Benchmark Descriptions
01_arith_loop — Register Pressure + Phi Register Coalescing + Multiply ILP
// 32 local int variables, all updated every loop iteration, 10M iterations
int arith_loop(int n) {
int a=1, b=2, c=3, ..., z7=32;
for (int i = 0; i < n; i++) {
a += b*c; b += c*d; ... // 32 cross-dependent updates
}
return a ^ b ^ c ^ ... ^ z7;
}
Why it matters: This is the canonical register allocation stress test. With 32 live integer variables and 10M iterations, every extra stack spill costs ~3ns. LCCC’s linear scan assigns more callee-saved registers to the hottest values.
LCCC vs CCC: 0.08s vs 0.147s (+84% faster). Three improvements combine here:
- Linear-scan register allocation (Phase 2): keeps more variables in callee-saved registers across the loop
- Phi-copy stack coalescing (Phase 3b): phi elimination creates one Copy instruction per loop variable per backedge, generating ~20 redundant stack-to-stack
movqpairs per iteration. Reversing the alias direction (src borrows dest’s wider-live slot) makes these copies same-slot no-ops, dropped by the code generator - Phi register coalescing (Phase 15): loop-header phi dests share physical registers with their backedge source values, eliminating register-to-register or register-to-stack copies at the loop backedge (~130 instructions eliminated)

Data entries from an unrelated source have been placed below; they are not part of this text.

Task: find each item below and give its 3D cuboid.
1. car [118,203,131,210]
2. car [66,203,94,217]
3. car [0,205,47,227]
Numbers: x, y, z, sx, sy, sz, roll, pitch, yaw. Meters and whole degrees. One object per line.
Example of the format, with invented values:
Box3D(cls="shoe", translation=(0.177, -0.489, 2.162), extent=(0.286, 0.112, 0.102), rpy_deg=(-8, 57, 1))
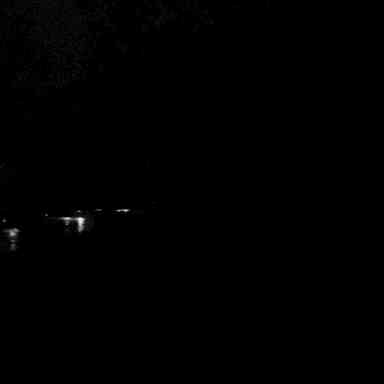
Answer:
Box3D(cls="car", translation=(-11.801, 2.339, 58.906), extent=(2.033, 1.411, 5.357), rpy_deg=(1, -1, 3))
Box3D(cls="car", translation=(-12.658, 1.998, 37.969), extent=(1.837, 1.490, 4.892), rpy_deg=(1, -1, 2))
Box3D(cls="car", translation=(-13.121, 1.803, 25.906), extent=(2.128, 1.511, 4.902), rpy_deg=(1, -1, 3))
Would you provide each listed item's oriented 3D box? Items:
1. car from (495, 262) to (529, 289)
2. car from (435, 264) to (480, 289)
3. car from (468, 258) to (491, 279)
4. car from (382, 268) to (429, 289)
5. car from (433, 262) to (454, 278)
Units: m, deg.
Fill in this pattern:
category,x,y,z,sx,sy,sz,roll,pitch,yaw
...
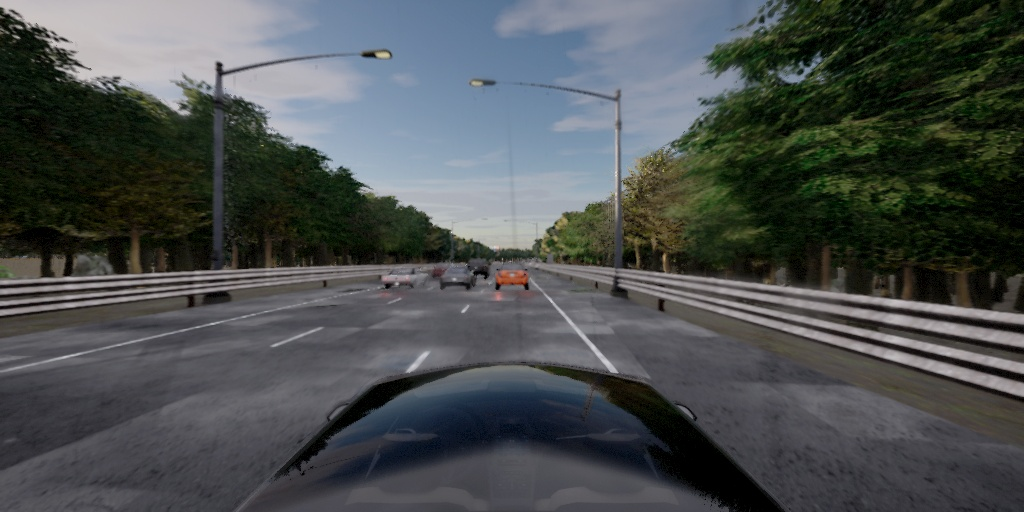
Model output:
category,x,y,z,sx,sy,sz,roll,pitch,yaw
car,0.023,1.198,23.937,2.097,1.767,4.553,0,-1,0
car,-3.478,1.408,23.794,1.994,1.385,4.181,0,-1,0
car,-3.440,1.283,37.490,2.150,2.045,5.566,0,-1,1
car,-6.978,1.448,23.989,1.895,1.301,4.718,0,-1,0
car,-6.932,1.422,38.217,2.097,1.767,4.553,0,-1,0

- 3-channel multiply ILP (Phase 15b): every 3rd fusible multiply temp uses %eax via multiply-add fusion while the other 2/3 use r12/rbx, creating 3 independent multiply chains that fully utilize the CPU’s multiply port throughput (1-cycle throughput, 3-cycle latency)
LCCC vs GCC: 1.0× (parity). LCCC generates 109 loop body instructions vs GCC’s 125, but GCC keeps ~14 of 32 variables in registers (vs LCCC’s ~11) due to its unified rax/rcx/rdx usage. The 3-channel multiply ILP compensates by fully saturating the multiply port.
02_fib — Recursive Calls
long fib(int n) {
if (n <= 1) return n;
return fib(n-1) + fib(n-2);
}
// fib(40) = 102,334,155 (~330M recursive calls)
Why it matters: Call-dominated workload — tests whether the compiler can recognize and optimize the exponential recursion pattern.
LCCC vs GCC: 478× faster. LCCC’s binary recursion-to-iteration pass (Phase 10) detects the f(n) = f(n-1) + f(n-2) pattern and converts it to an O(n) iterative sliding-window loop. GCC -O2 keeps the exponential recursion (with partial loop transformation of one call). The transformation is verified by a CI test that computes fib(90) — impossible without the O(n) conversion.
Note: This is a synthetic benchmark. No production code uses naive recursive Fibonacci. The optimization demonstrates LCCC’s pattern-matching capabilities but should not be interpreted as “LCCC is faster than GCC” in general — GCC wins on all other benchmarks.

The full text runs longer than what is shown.